Supplied data
==================================================
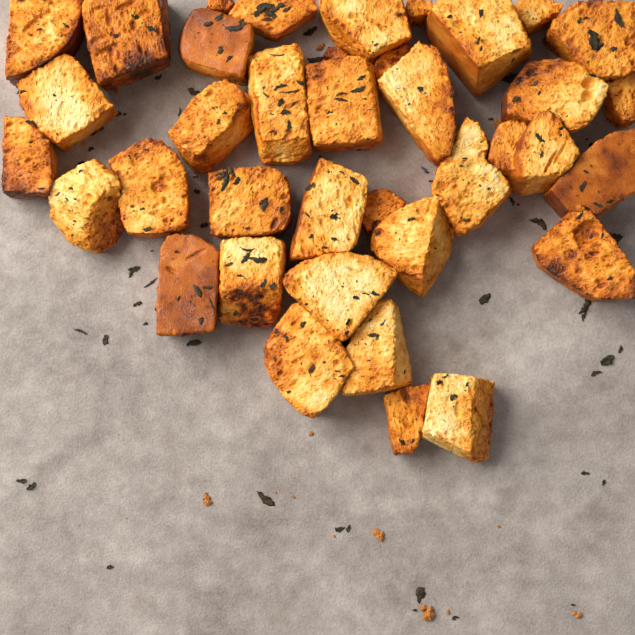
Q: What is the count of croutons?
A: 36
==================================================
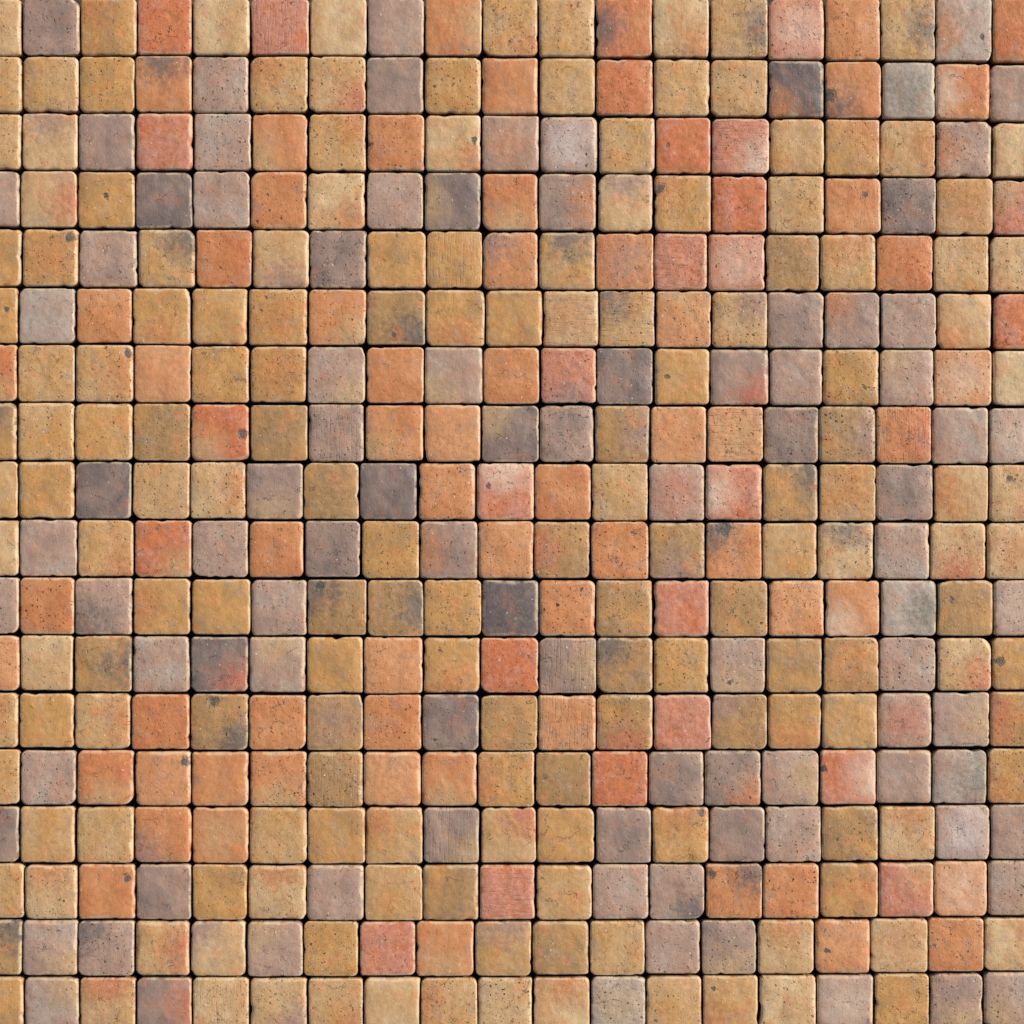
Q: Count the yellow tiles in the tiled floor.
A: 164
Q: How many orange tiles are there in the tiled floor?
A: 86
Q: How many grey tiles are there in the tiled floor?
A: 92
==================================================
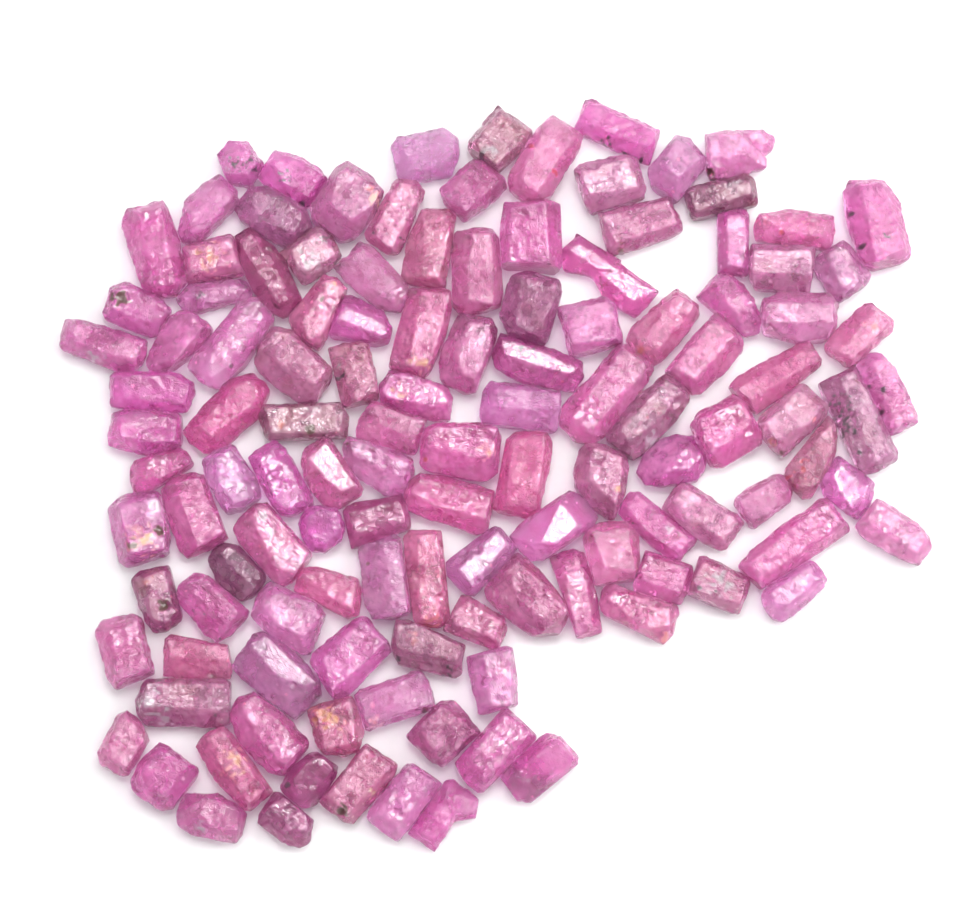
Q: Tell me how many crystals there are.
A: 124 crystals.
==================================================
Your task
Each line above with the string "tiles" should be reported in full.

Result
Q: Count the yellow tiles in the tiled floor.
Q: How many orange tiles are there in the tiled floor?
Q: How many grey tiles are there in the tiled floor?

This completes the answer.